La solidité et la quasi-mainmise des pays d’Afrique du Nord
Un trois sur trois, zéro pion dans la besace et quelques séquences de haute volée. Il n’y a pas à dire, l’Egypte, le Maroc et l’Algérie vont crescendo et se sont offerts un joli sans-faute. Dans une compétition où les certitudes collectives sont rares, ces trois sélections ont affiché de solides dispositions. Aussi bien défensivement qu’offensivement. Et forcément, ça aide. Malgré deux victoires à l’arraché face à la Namibie et l’Afrique du Sud, les ouailles d’Hervé Renard s’étaient amusées de la Côte d’Ivoire (1-0). Même chose pour les troupes de Djamel Belmadi, venues battre le grand favori du tournoi, le Sénégal (1-0), se jouant aussi de la faible Tanzanie (3-0). Le pays organisateur, lui, dans le sillage d’un Salah appliqué et d’un Trezeguet inspiré, n’a jamais vraiment tremblé, disposant de ses adversaires plutôt commodément. Au demeurant, ces trois escouades se démarquent et ont une bonne tête de favori difficile à renverser.

On n'a pas aimé

Le Sénégal un brin inquiétant
Absence de fluidité, manque de créativité, déficit de spontanéité… Le Sénégal d’Aliou Cissé, considéré comme un des favoris de cette CAN, n’a pas totalement convaincu. Surtout lors de la très attendue confrontation face à l’Algérie (défaite 1-0) où, dans le sillage d’un Mané effacé, les Lions de la Teranga s’étaient montrés amorphes et impuissants. S’ils se sont finalement qualifiés à la faveur de victoires contre les peu expérimentés kenyans (3-0) et tanzaniens (2-0), leurs carences dans l’utilisation du ballon ne rassurent pas. Seul motif de satisfaction : le bloc défensif, porté par le roc Koulibaly. Essentiel pour aller décrocher un premier sacre en CAN. Il leur faudra toutefois se montrer plus précis dans les transmissions, plus inspirés dans les enchaînements et plus concernés de manière générale, à l’instar de cette course d’élan - un poil désinvolte - de Mané lors de son penalty manqué contre le Kenya…

Les stades vides
C'était l'un des risques d’organiser cette Coupe d'Afrique des nations en Égypte : la distance et le prix des déplacements allait en refroidir plus d'un, et ce malgré la décision du comité d'organisation de baisser le prix des billets fin avril. Et cela s'est ressenti sur les phases de groupes : hormis pour les matches de l'Égypte, pour lesquels le public local a bien répondu présent, les stades du Caire, de Suez, d'Ismaïla et d'Alexandrie étaient désespérément vide. Dans de vastes enceintes (20 à 30 000 places pour la plupart, 75 000 pour le stade international du Caire), ces affiches de la CAN sonnaient tristement creux. Question image, ç’a la foutait franchement mal. Et comme le spectacle n'était généralement pas au rendez-vous sur le terrain non plus, ça donnait souvent des matches bien ternes. On espère voir plus de vie en tribune dès les huitièmes…

Une petite Tunisie
Deuxième de son groupe avec trois petits points et autant de matches nuls, la Tunisie a déçu sur ce premier tour… Après une belle préparation et notamment une victoire de prestige contre la Croatie, les Aigles de Carthage étaient attendus au tournant dans cette CAN 2019. Et ils n’ont pas pris le bon virage… Insipides et monotones dans le jeu, les hommes d’Alain Giresse ont été LA mauvaise surprise de ce premier tour au rang des formations attendues. Et pourtant, avec Msakni, Khazri, Slii ou Badri, il y a de quoi à la création du ballon… Il faudra réagir en huitième contre le Ghana, au risque de prendre la porte.

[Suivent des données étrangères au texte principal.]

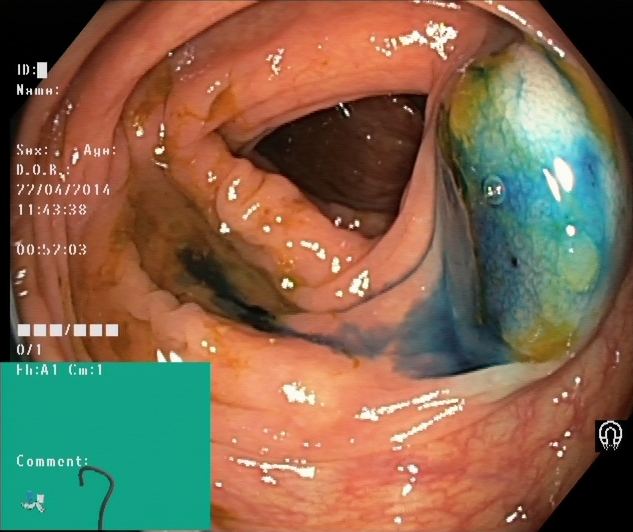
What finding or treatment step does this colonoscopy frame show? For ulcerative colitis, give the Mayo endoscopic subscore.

dyed and lifted polyp (pre-resection)
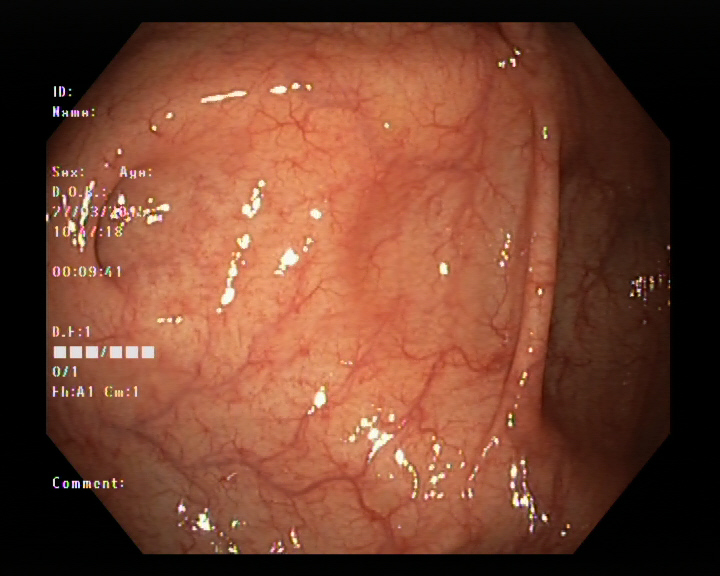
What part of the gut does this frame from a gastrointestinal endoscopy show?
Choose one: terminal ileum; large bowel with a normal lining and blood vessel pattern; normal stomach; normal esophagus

large bowel with a normal lining and blood vessel pattern
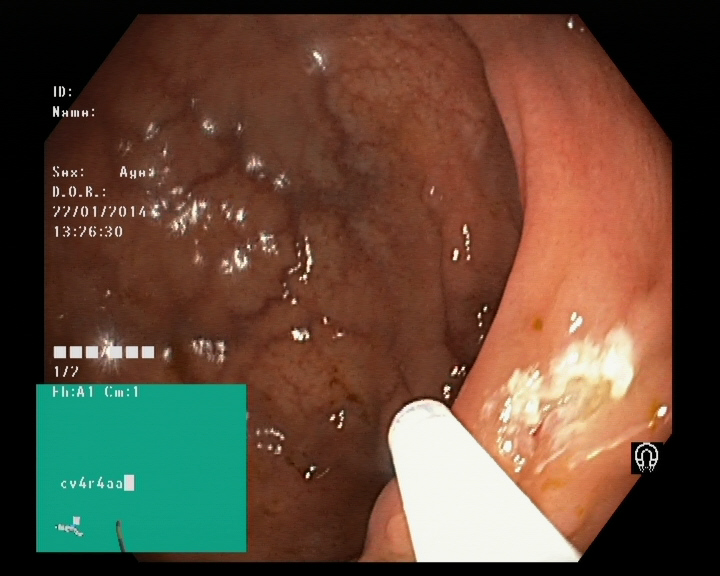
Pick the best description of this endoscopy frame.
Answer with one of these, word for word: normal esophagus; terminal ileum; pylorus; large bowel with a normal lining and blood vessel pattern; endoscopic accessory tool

endoscopic accessory tool
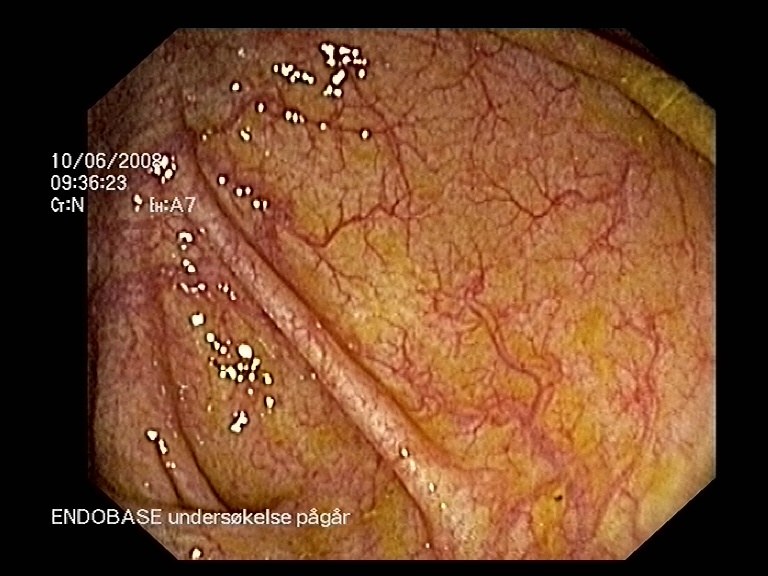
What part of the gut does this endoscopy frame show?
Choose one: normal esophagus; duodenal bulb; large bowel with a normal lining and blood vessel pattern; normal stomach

large bowel with a normal lining and blood vessel pattern
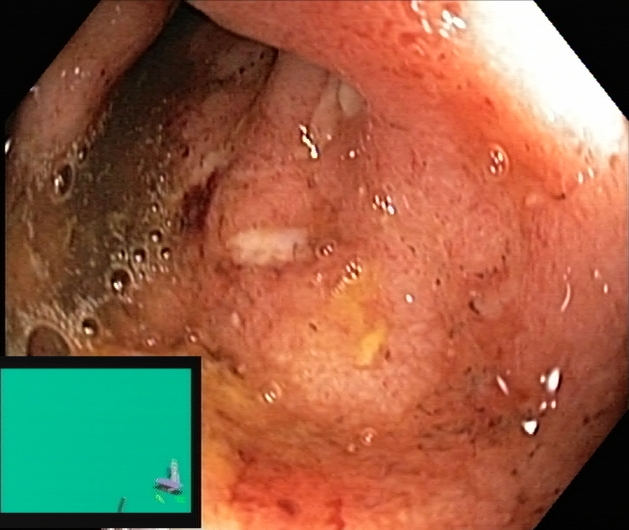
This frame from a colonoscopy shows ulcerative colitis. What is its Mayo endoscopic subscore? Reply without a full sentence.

ulcerative colitis, Mayo endoscopic subscore 2
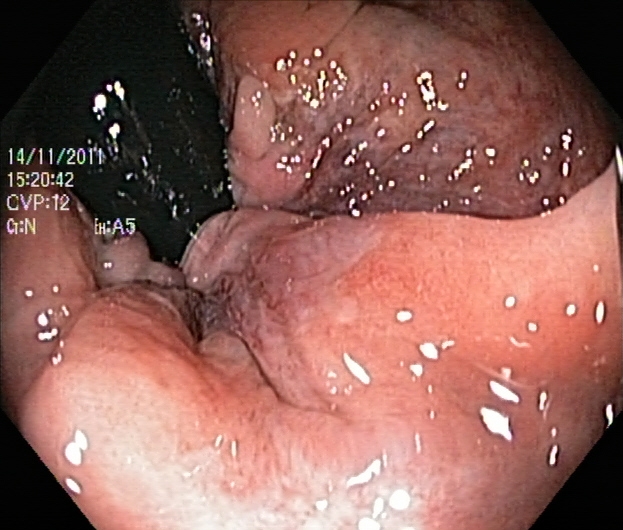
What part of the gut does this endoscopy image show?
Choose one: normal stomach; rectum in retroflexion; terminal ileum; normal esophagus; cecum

rectum in retroflexion
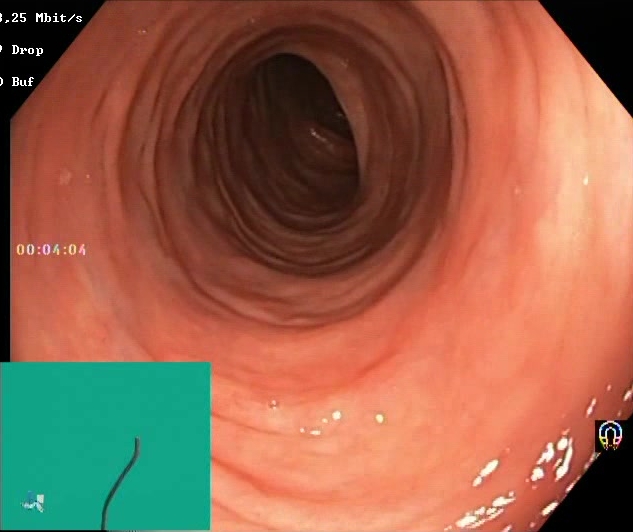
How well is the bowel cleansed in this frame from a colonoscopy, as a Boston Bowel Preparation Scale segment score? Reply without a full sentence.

Boston Bowel Preparation Scale score 2–3 (adequate preparation)
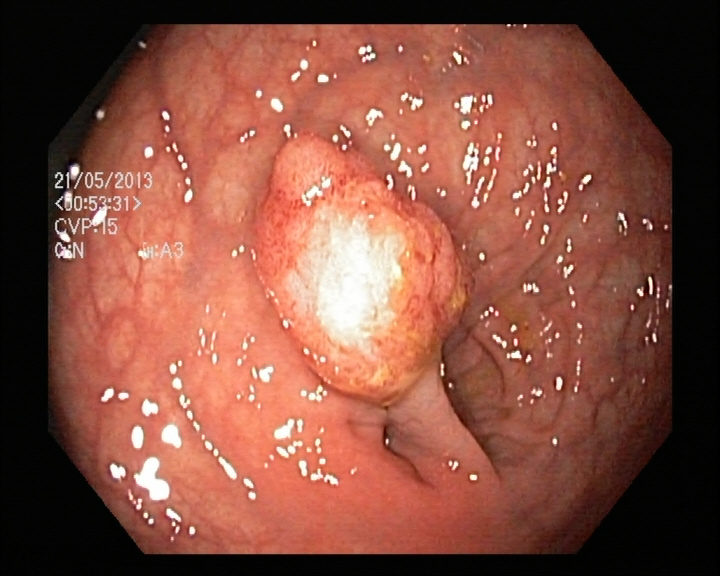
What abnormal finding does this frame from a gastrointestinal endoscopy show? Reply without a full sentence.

colon polyp

Le nouveau format de la CAN
À l’instar de l’Euro 2016, la CAN 2019 a présenté sur la ligne de départ vingt-quatre équipes. Et à l’instar de l’Euro 2016, seulement huit sélections ont été éliminées au terme des matches de poules et seize ont rejoint la phase finale, grâce au système de meilleurs troisièmes. Parmi elles, la RD Congo, pourtant en pleine crise pendant la compétition et seulement vainqueur de son troisième match contre un faible Zimbabwe (0-4). Ou encore le Bénin et la Tunisie, qui n’ont pas encore remporté la moindre rencontre et qui accèdent tout de même au tableau final. Un tout petit écrémage qui pourrait offrir des huitièmes de finale peu emballants et peu attractifs. À moins qu’une surprise émerge. À l’Euro 2016, c’est le Portugal, un des quatre meilleurs troisièmes de la phase de groupe, qui avait été sacré… Sait-on jamais.

Les matches à 16h30
Sept matches se sont joués à 16h30 lors du premier tour de cette CAN 2019... et la quasi-totalité se sont transformés en purges. Assommés par la chaleur et l’humidité de l’été égyptien, avec des températures montant souvent jusqu’aux 40 degrés en pleine après-midi, les équipes qui ont hérité de ces matches ont eu du mal à briller. Huit petits buts seulement ont été inscrits à cette horaire, jamais plus de deux buts sur un match et quatre 1-0. Fort heureusement, à partir des huitièmes de finale, toutes les rencontres se joueront en soirée (18 heures ou 21 heures).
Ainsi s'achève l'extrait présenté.